● PROBLEM STATEMENT: Please show all lines of the records that include "size".

● RECORDS:
Segment Open

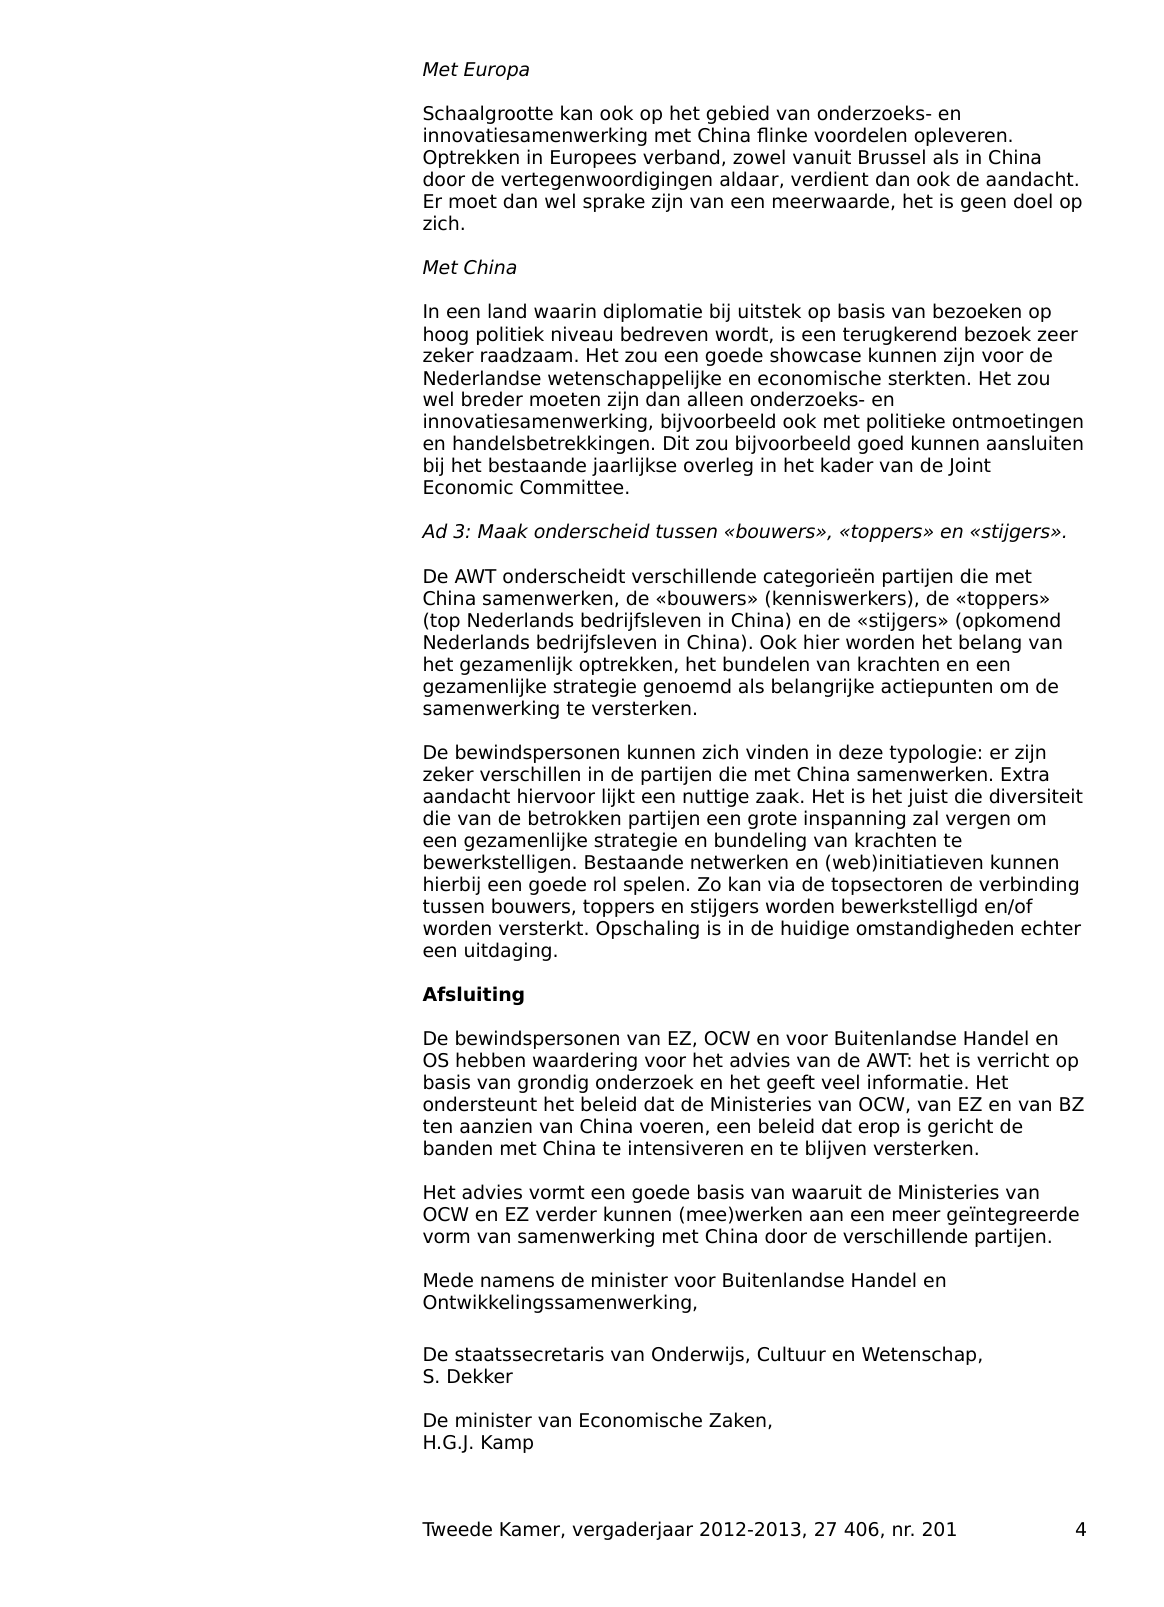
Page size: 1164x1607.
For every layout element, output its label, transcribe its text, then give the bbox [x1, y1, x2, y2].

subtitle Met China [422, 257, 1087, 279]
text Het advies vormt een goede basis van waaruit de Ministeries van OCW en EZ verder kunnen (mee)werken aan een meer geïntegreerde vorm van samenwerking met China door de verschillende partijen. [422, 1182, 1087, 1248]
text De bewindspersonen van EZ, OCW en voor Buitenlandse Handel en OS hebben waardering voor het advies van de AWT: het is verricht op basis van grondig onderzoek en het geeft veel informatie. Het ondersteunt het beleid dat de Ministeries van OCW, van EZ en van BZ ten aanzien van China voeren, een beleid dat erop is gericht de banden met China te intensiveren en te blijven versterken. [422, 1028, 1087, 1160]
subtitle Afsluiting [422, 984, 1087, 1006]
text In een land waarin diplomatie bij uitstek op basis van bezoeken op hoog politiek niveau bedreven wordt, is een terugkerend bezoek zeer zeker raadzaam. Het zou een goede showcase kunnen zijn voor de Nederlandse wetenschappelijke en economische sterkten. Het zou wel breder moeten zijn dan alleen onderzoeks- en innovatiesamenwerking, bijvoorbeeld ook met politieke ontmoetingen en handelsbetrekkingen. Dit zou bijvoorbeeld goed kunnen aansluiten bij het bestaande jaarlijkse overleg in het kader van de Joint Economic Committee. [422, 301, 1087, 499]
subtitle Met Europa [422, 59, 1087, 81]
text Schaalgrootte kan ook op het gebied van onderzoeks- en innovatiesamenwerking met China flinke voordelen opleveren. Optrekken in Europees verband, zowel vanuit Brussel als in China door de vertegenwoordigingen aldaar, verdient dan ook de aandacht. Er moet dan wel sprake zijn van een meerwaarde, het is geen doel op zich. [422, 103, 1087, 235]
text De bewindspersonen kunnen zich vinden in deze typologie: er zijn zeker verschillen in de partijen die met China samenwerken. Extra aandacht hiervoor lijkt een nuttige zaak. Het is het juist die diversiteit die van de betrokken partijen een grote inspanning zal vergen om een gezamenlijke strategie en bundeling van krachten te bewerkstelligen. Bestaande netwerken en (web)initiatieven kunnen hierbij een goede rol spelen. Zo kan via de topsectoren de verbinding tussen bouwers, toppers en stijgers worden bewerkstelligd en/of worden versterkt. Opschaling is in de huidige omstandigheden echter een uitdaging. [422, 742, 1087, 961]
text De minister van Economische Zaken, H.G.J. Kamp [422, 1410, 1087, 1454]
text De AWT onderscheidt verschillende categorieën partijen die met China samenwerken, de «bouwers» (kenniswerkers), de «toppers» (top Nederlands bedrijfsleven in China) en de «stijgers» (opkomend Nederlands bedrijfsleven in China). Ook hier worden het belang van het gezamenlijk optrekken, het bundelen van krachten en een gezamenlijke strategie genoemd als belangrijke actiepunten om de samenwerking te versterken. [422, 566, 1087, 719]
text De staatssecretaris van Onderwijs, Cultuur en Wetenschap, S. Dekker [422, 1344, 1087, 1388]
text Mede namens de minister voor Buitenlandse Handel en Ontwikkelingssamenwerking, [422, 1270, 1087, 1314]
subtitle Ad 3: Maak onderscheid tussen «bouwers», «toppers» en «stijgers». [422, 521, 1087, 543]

Segment Closed
Segment Open

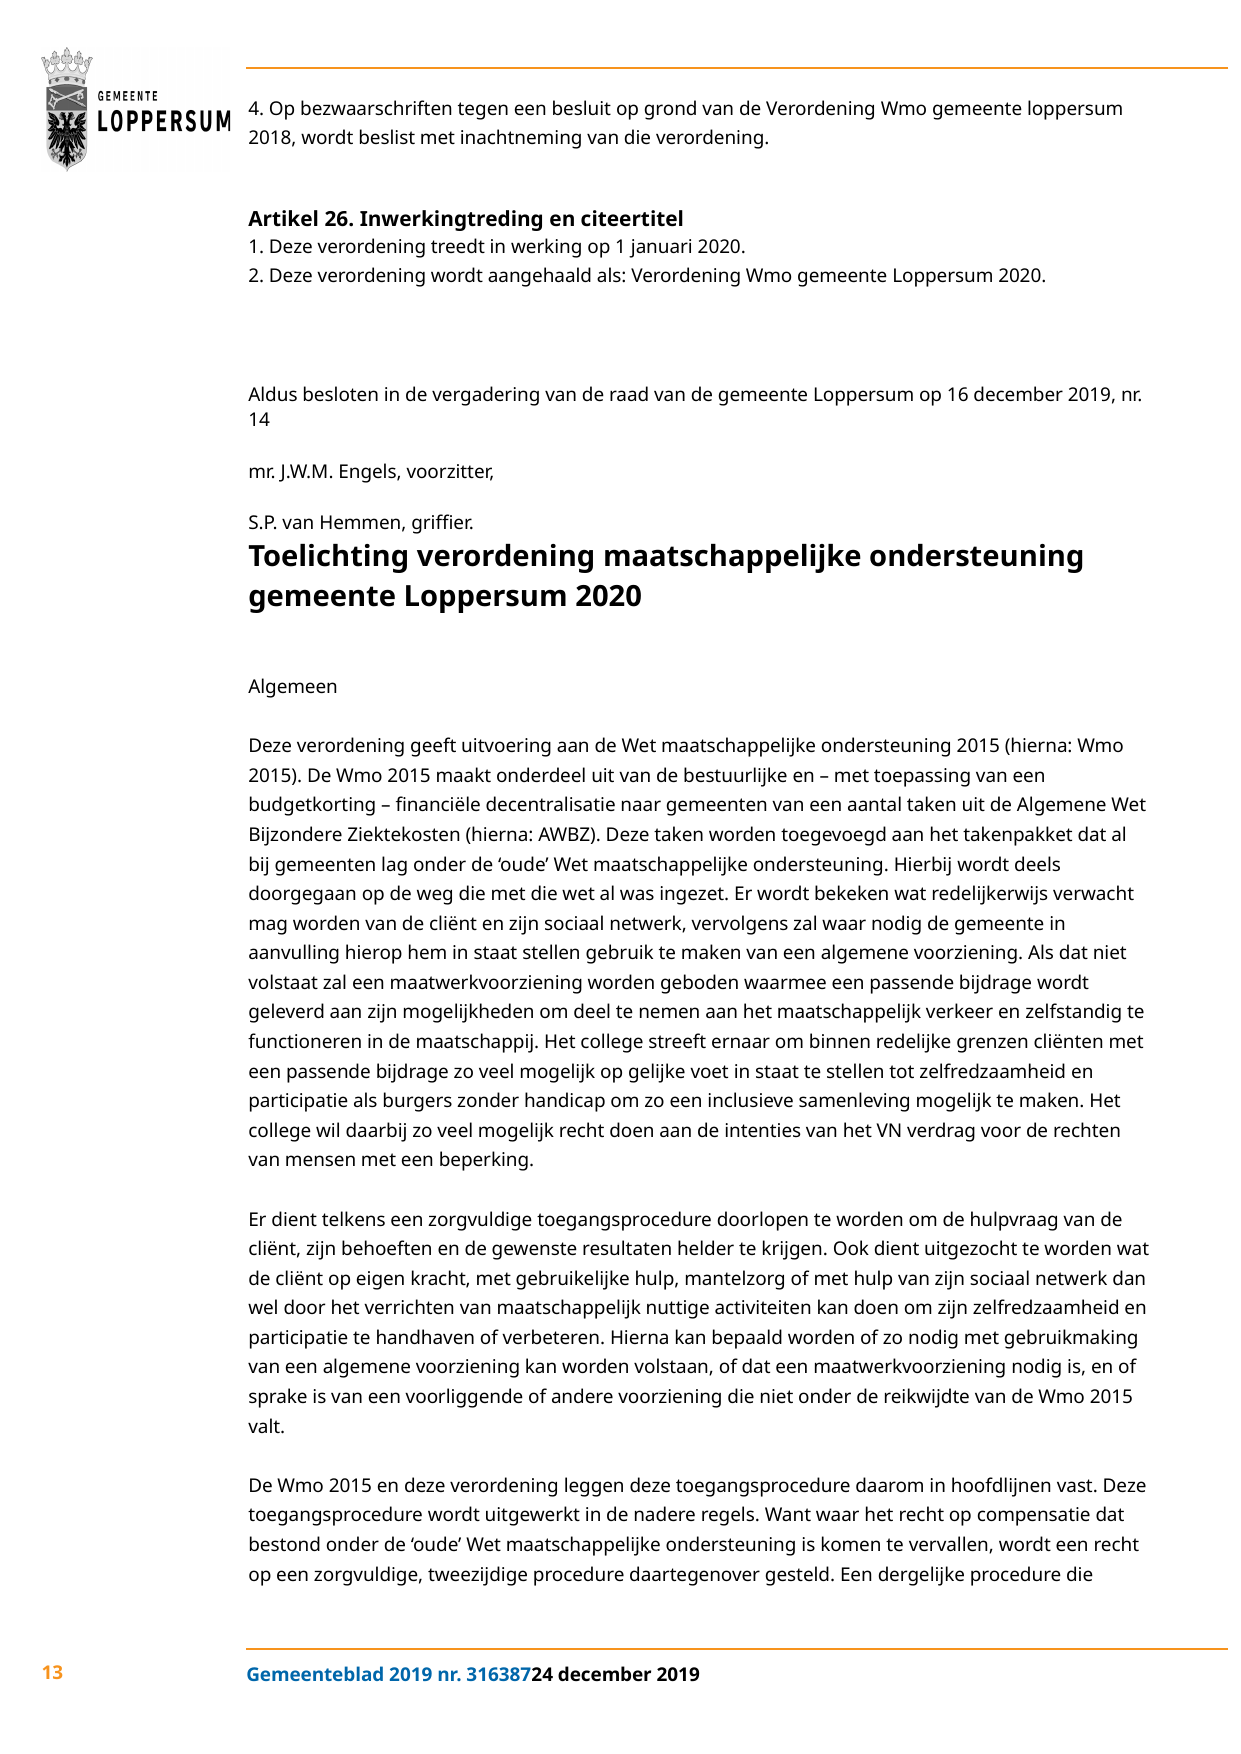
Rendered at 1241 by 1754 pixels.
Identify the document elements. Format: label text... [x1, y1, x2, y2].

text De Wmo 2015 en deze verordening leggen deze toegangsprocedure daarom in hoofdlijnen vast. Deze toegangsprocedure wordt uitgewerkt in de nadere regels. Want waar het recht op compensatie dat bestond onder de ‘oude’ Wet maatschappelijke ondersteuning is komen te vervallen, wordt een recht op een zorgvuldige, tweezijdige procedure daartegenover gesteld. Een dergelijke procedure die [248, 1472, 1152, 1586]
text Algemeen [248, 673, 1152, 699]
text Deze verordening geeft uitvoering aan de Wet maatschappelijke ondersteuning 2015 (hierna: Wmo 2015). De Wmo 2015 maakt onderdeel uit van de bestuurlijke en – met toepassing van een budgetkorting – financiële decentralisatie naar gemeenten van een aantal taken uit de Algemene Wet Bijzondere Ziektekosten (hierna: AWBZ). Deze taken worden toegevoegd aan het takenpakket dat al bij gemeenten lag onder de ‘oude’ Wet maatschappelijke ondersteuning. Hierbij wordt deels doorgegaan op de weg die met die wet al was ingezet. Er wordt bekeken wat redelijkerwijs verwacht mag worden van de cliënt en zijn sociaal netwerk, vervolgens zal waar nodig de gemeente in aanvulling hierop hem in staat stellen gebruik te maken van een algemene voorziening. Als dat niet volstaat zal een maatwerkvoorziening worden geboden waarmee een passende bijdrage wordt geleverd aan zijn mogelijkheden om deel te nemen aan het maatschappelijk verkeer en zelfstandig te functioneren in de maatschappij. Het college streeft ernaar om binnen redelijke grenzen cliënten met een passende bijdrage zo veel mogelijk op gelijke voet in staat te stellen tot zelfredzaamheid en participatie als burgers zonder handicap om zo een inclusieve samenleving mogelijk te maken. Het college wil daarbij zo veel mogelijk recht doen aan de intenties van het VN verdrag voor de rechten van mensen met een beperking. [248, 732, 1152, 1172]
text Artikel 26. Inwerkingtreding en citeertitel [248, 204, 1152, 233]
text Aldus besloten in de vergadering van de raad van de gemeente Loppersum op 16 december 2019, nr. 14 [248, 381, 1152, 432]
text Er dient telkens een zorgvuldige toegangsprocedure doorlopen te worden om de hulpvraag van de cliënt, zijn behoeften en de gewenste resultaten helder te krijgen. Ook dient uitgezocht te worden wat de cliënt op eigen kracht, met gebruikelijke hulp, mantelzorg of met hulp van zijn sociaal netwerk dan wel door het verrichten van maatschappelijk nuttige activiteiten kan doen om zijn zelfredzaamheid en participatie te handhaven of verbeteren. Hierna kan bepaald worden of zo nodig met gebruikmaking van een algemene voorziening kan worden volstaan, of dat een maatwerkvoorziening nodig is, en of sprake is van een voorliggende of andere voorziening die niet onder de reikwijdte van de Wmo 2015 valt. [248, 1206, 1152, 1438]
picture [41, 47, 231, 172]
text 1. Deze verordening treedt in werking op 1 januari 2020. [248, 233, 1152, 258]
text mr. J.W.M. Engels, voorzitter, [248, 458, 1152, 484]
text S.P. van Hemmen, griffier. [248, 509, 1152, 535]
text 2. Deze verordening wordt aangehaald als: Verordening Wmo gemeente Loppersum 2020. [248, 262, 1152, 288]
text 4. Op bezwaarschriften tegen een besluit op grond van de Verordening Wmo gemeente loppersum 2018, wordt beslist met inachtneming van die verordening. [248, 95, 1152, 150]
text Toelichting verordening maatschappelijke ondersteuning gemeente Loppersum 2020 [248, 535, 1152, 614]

Segment Closed
Segment Open

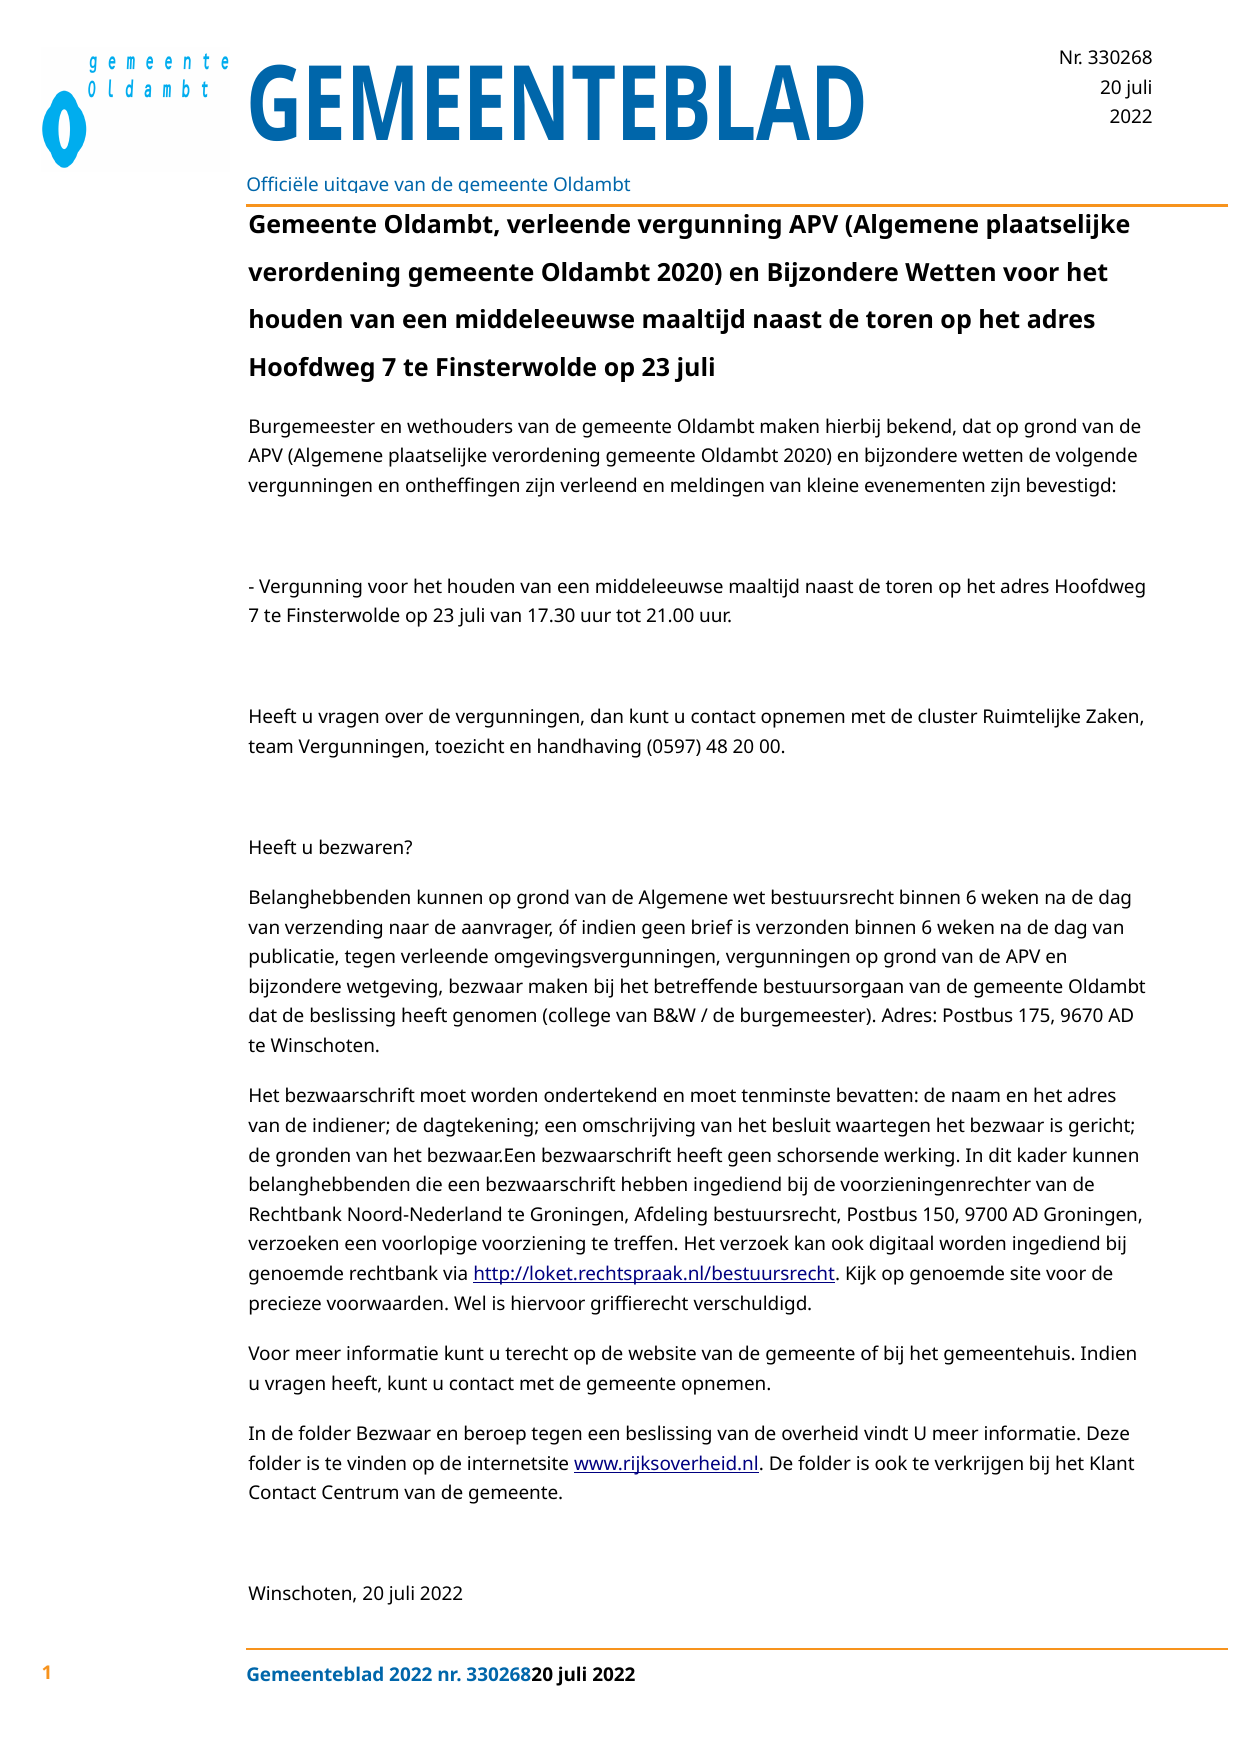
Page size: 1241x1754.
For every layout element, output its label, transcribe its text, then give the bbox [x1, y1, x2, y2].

Segment Closed

● RESULT OF THE EXERCISE:
Page size: 1164x1607.
Page size: 1241x1754.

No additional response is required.